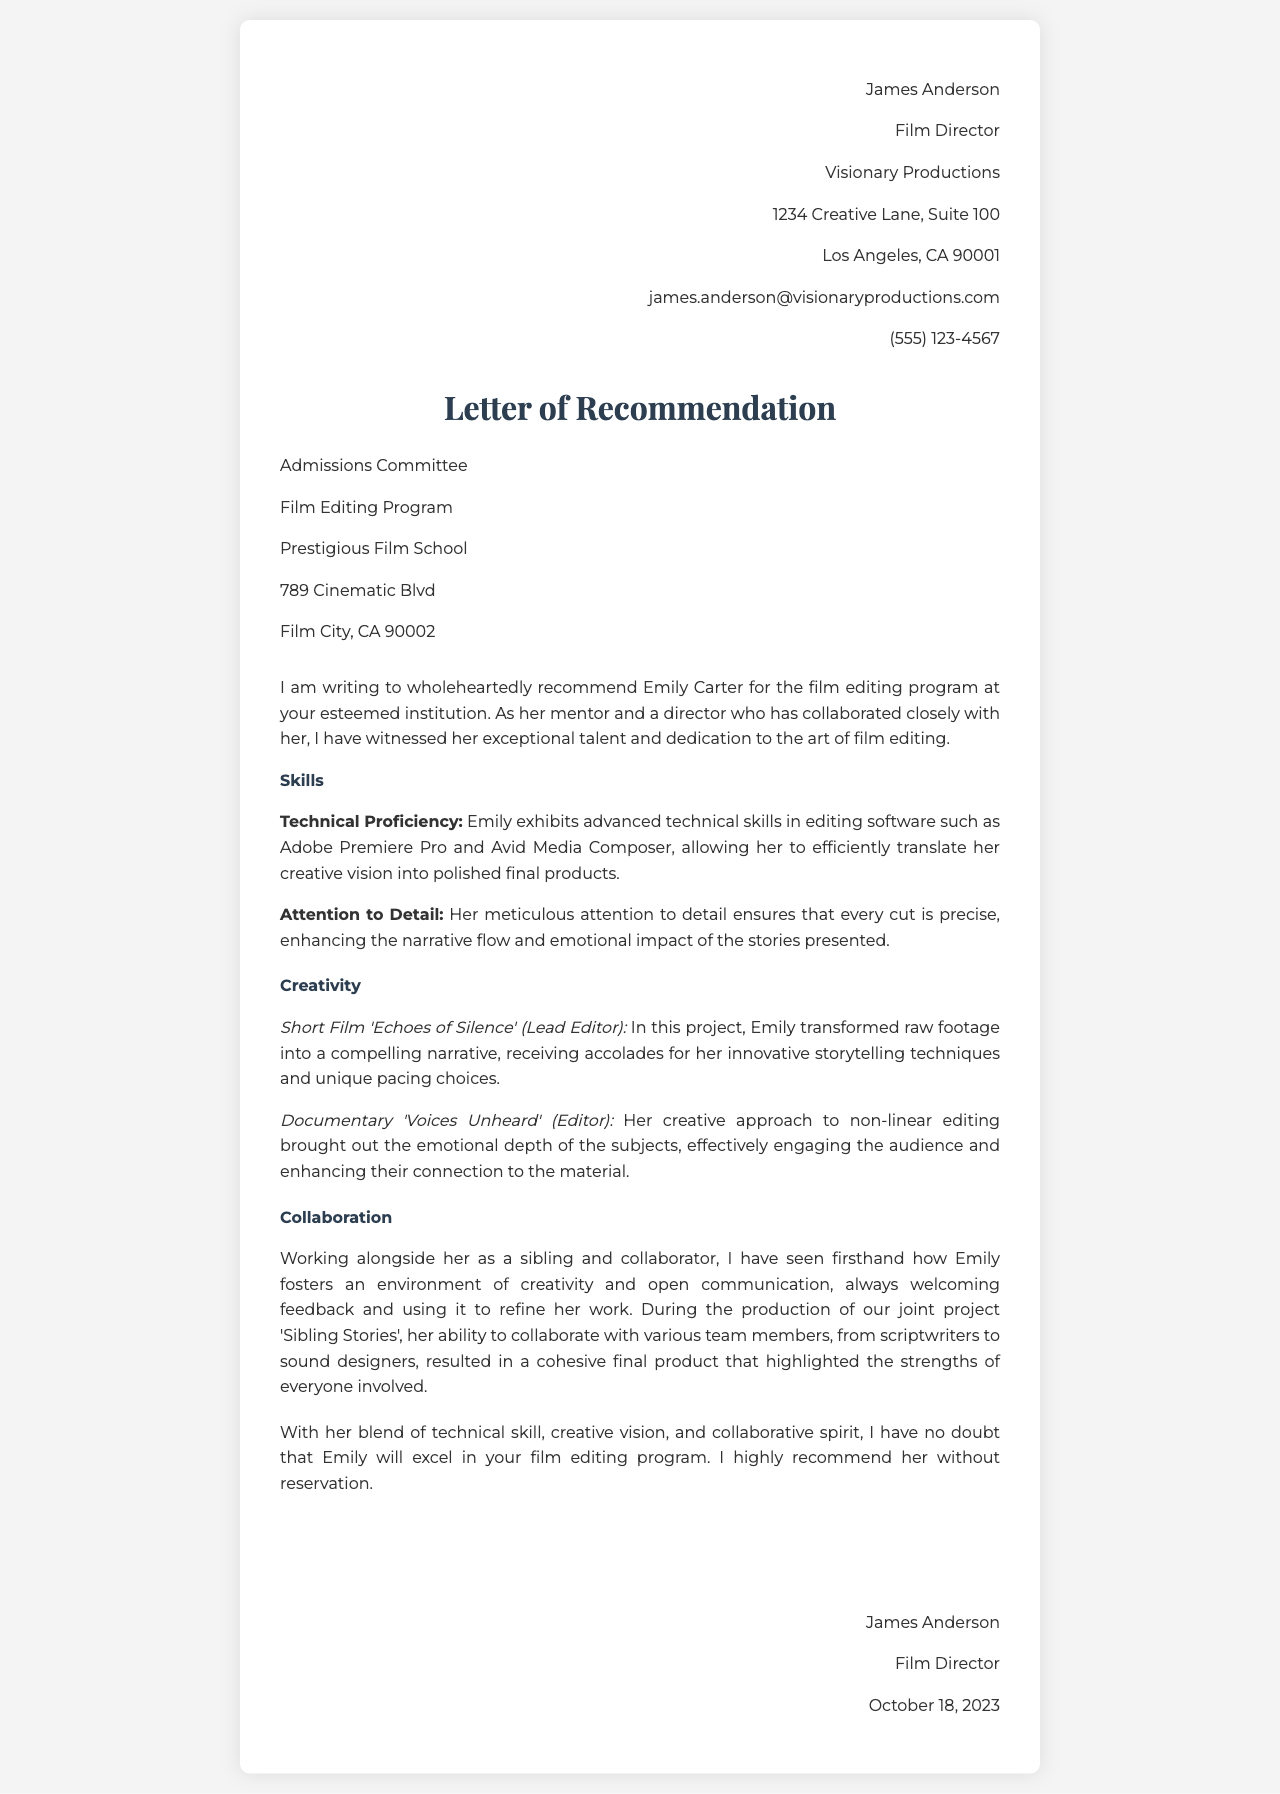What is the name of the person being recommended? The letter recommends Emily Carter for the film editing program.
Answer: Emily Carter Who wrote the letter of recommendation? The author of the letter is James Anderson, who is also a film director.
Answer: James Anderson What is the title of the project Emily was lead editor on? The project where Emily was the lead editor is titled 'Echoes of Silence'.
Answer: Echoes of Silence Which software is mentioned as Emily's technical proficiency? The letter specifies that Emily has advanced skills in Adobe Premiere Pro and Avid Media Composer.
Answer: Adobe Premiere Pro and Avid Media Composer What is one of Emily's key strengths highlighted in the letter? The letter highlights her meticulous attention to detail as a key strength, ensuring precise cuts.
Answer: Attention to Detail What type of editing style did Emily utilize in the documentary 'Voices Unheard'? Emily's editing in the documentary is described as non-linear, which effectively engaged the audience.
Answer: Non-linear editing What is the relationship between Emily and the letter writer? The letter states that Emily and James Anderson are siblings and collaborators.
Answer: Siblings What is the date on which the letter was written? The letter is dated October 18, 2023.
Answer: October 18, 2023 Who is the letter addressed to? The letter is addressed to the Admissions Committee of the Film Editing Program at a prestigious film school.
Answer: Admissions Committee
□ □ □ □
The entries are to be written out again exactly, though without any images.

§ **Exercise solution**
What is the name of the person being recommended? The letter recommends Emily Carter for the film editing program.
Answer: Emily Carter Who wrote the letter of recommendation? The author of the letter is James Anderson, who is also a film director.
Answer: James Anderson What is the title of the project Emily was lead editor on? The project where Emily was the lead editor is titled 'Echoes of Silence'.
Answer: Echoes of Silence Which software is mentioned as Emily's technical proficiency? The letter specifies that Emily has advanced skills in Adobe Premiere Pro and Avid Media Composer.
Answer: Adobe Premiere Pro and Avid Media Composer What is one of Emily's key strengths highlighted in the letter? The letter highlights her meticulous attention to detail as a key strength, ensuring precise cuts.
Answer: Attention to Detail What type of editing style did Emily utilize in the documentary 'Voices Unheard'? Emily's editing in the documentary is described as non-linear, which effectively engaged the audience.
Answer: Non-linear editing What is the relationship between Emily and the letter writer? The letter states that Emily and James Anderson are siblings and collaborators.
Answer: Siblings What is the date on which the letter was written? The letter is dated October 18, 2023.
Answer: October 18, 2023 Who is the letter addressed to? The letter is addressed to the Admissions Committee of the Film Editing Program at a prestigious film school.
Answer: Admissions Committee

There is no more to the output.